[Dataset records]
____________

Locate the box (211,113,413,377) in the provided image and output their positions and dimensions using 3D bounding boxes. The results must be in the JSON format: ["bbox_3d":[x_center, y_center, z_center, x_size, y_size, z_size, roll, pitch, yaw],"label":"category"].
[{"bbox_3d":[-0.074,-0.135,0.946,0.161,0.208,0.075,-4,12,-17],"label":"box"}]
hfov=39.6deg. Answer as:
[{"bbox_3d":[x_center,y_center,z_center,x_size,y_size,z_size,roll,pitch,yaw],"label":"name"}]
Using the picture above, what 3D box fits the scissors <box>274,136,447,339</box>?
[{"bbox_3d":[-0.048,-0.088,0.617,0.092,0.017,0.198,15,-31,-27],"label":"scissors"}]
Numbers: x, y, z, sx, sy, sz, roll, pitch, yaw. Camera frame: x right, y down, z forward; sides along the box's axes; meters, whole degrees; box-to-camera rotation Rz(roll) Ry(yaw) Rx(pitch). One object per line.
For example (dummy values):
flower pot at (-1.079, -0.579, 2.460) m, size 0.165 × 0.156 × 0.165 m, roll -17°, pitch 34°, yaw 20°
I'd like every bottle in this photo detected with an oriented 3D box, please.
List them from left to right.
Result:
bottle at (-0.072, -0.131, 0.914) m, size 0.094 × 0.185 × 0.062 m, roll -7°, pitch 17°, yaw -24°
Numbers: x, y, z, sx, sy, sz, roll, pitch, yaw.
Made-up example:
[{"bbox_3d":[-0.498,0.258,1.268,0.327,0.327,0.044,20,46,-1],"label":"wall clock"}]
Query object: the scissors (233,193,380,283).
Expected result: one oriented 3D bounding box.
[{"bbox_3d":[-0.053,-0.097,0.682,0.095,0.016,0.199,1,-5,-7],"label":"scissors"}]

____________

▶ Your instructions
Filter the records above for lines with "Numbers".

▶ Solution for this problem
Numbers: x, y, z, sx, sy, sz, roll, pitch, yaw. Camera frame: x right, y down, z forward; sides along the box's axes; meters, whole degrees; box-to-camera rotation Rz(roll) Ry(yaw) Rx(pitch). One object per line.
Numbers: x, y, z, sx, sy, sz, roll, pitch, yaw.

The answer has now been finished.